Too cool! Now that's something even I can handle. Thanks so much for posting!


----------



## alucard (Dec 1, 2008)

That's a great idea for quick eyeballs! Thanks for posting!


----------



## marsham (May 11, 2007)

That is the easiest thing ever. Even I can do that!!! Thanks


----------



## AmFatallyYours (Apr 8, 2009)

I was just thinking earlier today that i needed to figure out how to put some eyeballs in a mask for a prop. This is perfect. It's cheap and easy to do.
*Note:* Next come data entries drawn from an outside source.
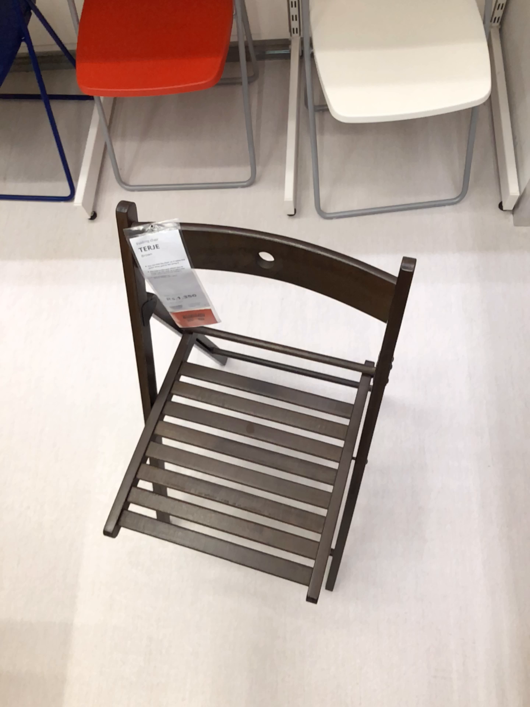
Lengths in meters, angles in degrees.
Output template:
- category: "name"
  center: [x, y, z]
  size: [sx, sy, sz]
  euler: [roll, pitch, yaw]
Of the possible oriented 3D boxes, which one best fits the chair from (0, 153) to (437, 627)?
- category: "chair"
  center: [-0.031, 0.130, 1.072]
  size: [0.460, 0.778, 0.501]
  euler: [13, 72, 11]
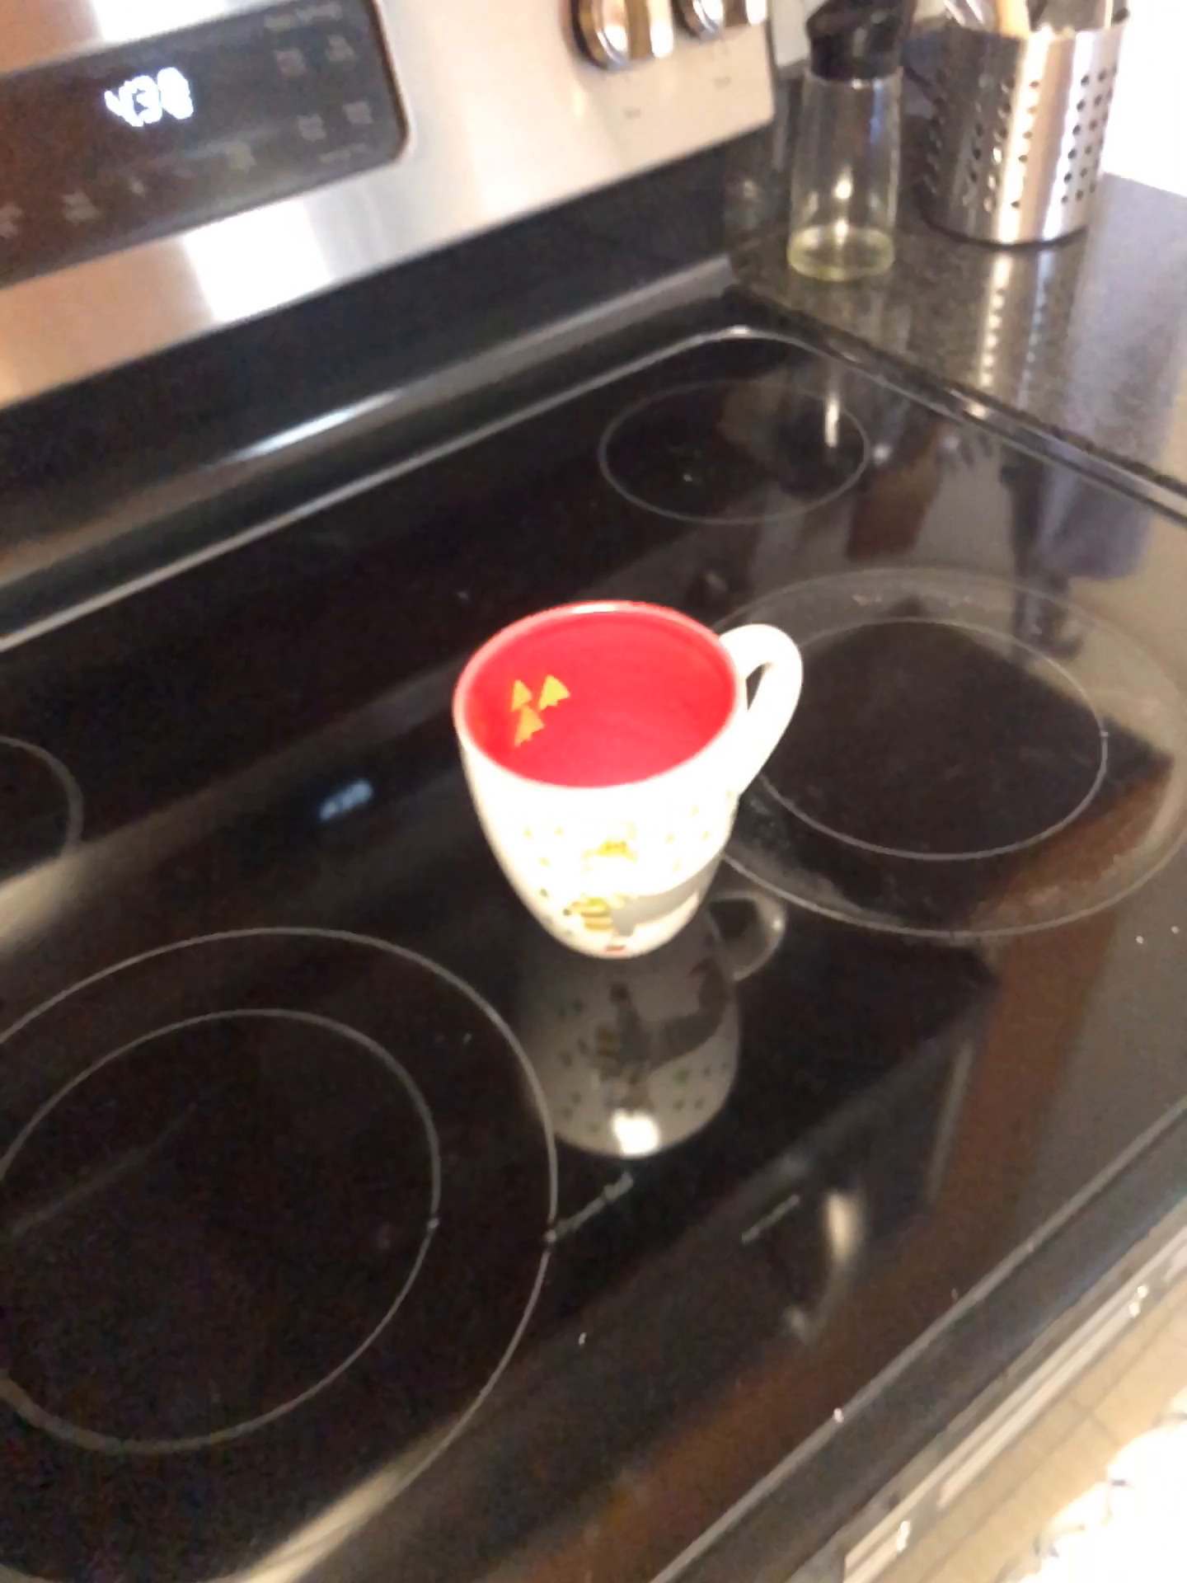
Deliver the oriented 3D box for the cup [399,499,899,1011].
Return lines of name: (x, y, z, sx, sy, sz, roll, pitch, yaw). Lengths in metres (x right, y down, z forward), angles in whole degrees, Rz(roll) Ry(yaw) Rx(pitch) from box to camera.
cup: (0.022, -0.018, 0.487, 0.140, 0.100, 0.100, -32, 50, -25)
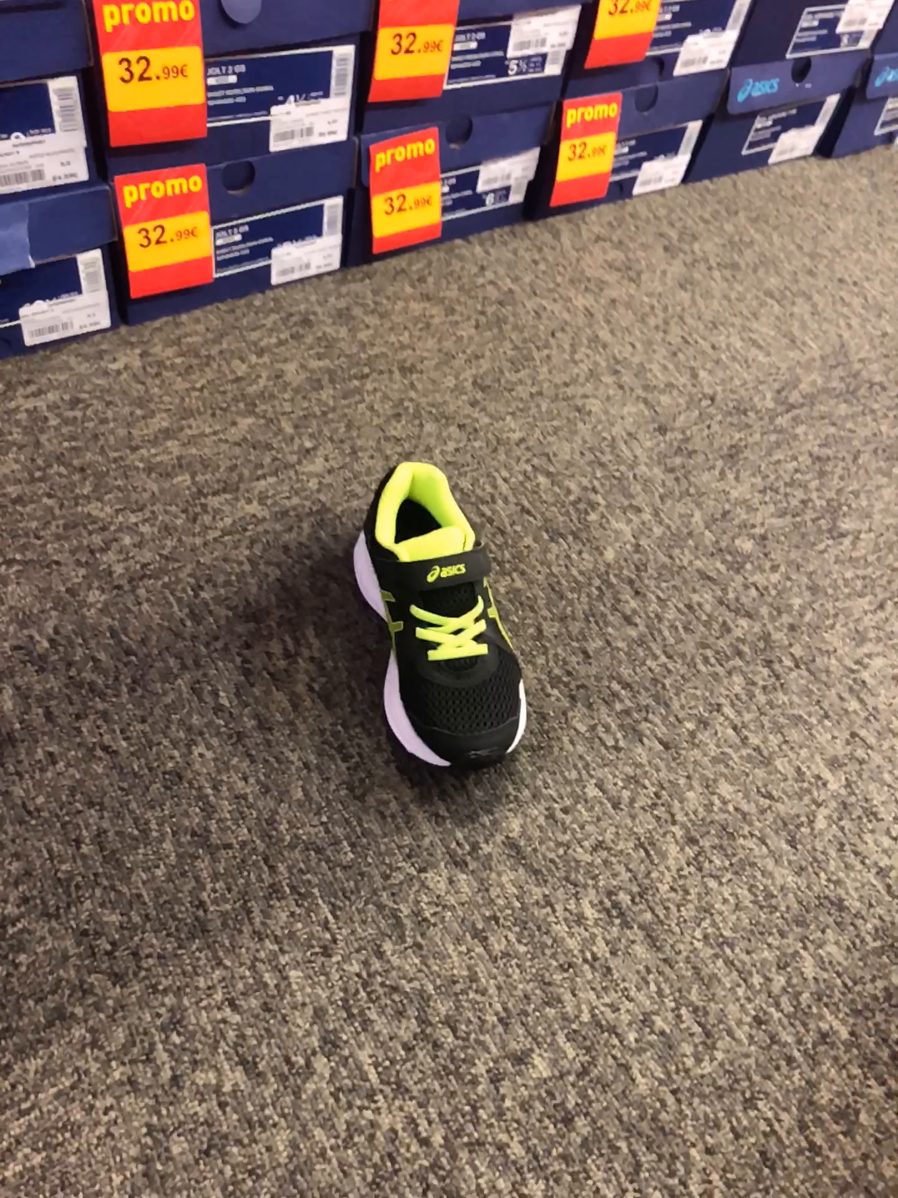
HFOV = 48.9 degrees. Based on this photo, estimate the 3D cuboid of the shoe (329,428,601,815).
[{"bbox_3d":[-0.001,0.006,0.561,0.090,0.080,0.201,-8,55,-16],"label":"shoe"}]
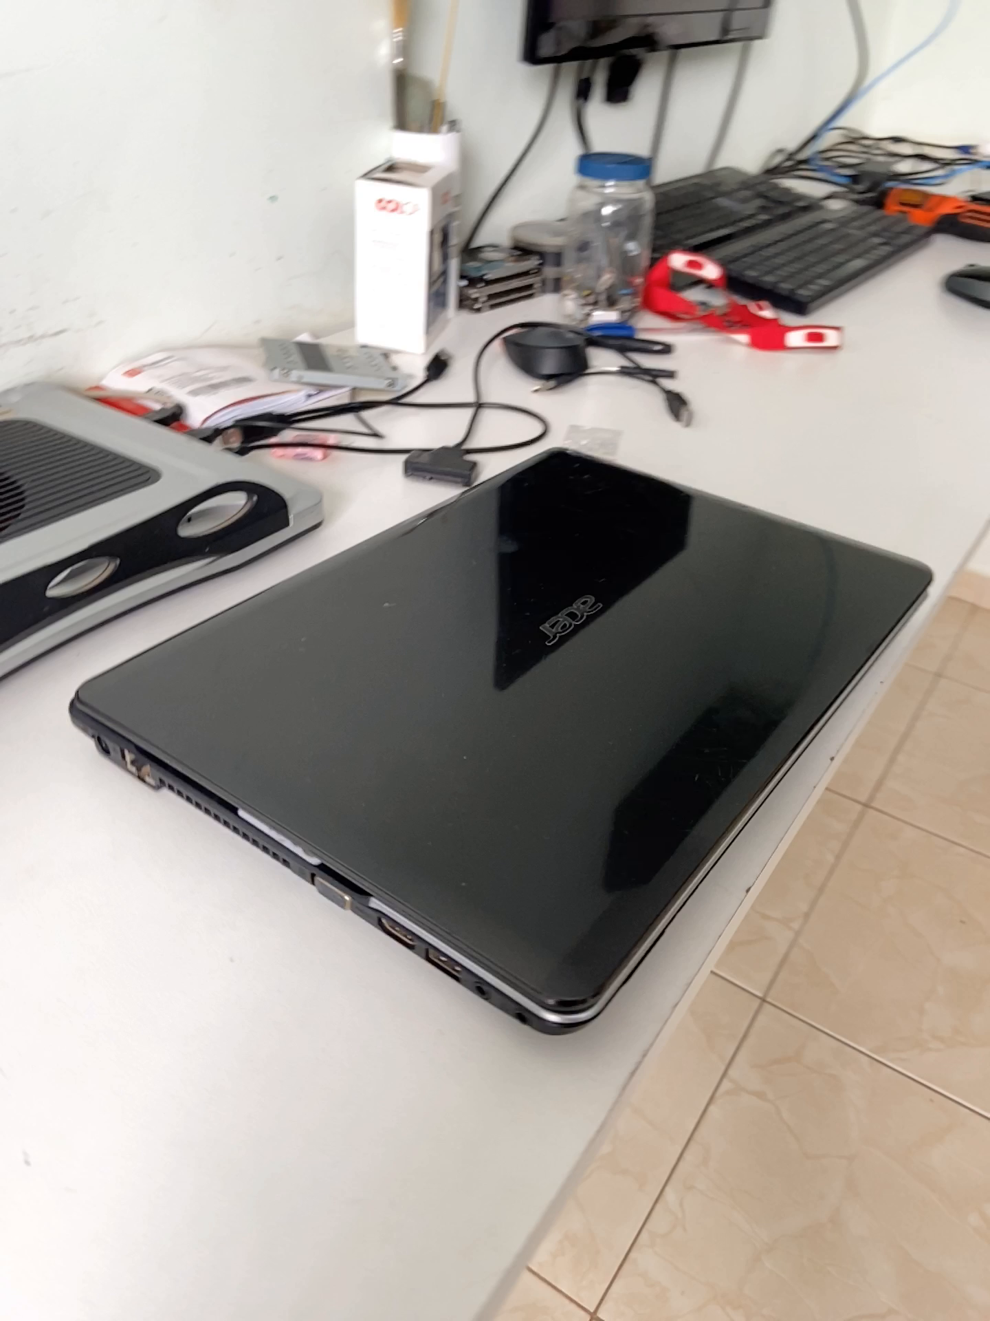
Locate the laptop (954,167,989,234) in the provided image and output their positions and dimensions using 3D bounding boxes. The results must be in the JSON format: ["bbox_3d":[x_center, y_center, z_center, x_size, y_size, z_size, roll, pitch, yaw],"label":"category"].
[{"bbox_3d":[0.749,-0.556,1.214,0.436,0.001,0.239,-21,40,-32],"label":"laptop"}]

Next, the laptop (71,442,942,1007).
[{"bbox_3d":[0.031,-0.019,0.448,0.230,0.005,0.336,24,39,29],"label":"laptop"}]
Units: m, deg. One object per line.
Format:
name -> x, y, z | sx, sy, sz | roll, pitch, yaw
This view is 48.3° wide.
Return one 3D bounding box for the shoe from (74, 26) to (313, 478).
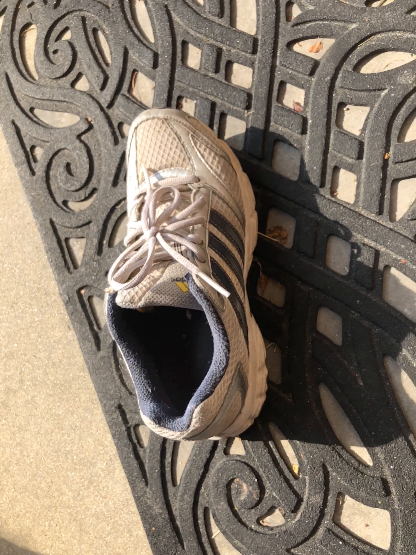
shoe -> -0.005, -0.009, 0.339 | 0.100, 0.130, 0.260 | -11, 80, 21

Thanks for the idea and good photos.


----------



## cylonfrogqueen (Feb 13, 2008)

Cylon slaps forehead, rolls eyes up from the blow to the head and moans duh...
why didn't I think of that?

Great idea! 

I used the yellow cat eyes once for a paper mache cat, but never thought about using the other eyes ....
thanks for sharing this !


----------



## Deviant (Jun 20, 2009)

o greet now I have to go make me some lol


----------



## Tumblindice (Aug 19, 2008)

What is the product name for the eyeball, I can't read the package. 
Thanks and nice job!


----------



## Guest (Jun 21, 2009)

Tumblindice said:


> What is the product name for the eyeball, I can't read the package.
> Thanks and nice job!


thank you! 
the iris is called 'animal eyes', screw-on,15 mm, brown, #634204.
the company name is 'tree house studio'. web site is : craftsetc.com ( i think- lettering on package is very, very tiny) looks like they are out of Okalhoma City. they had a smaller size too.
the ball is 'Smoothfoam'. website with same name. they are 1 1/2"; ' paint it, sand it, pin it, glue it, cut it'.
hope this helps!


----------



## Tumblindice (Aug 19, 2008)

Very much, thanks again!


----------



## Skullie (Apr 22, 2008)

creepycathy said:


> my version of eyeballs. (all supplies can be found at Hobby Lobby. if you would like these products and cannot find them, pm me.) thanx. my wordless tutorial for eyes:


creepycathy,
I thought I was the only one who had hand like the person in you step by step pictures. Half the time I don't notice the black crusted paint/paper mache/ plaster fingers until I am out in public. ( What everyone doesn't have paint splattered skin?) My husband notices it first. He says he can't take me anywhere because of it. when we have a special night out I have to ware nail polish so no body sees my stained nail.


----------



## Ghost of Spookie (Sep 28, 2008)

Thanks for sharing all the info and the pics. I'll have to pick up some of those iris packages to have on hand. I've seen supplies from taxidermy sites but can't say I've seen something as simple as these. We don't have Hobby Lobby around us so I'll have to check out some other hobby shops.


----------



## MeJayBe (Jun 22, 2009)

Very simple... very nice!


----------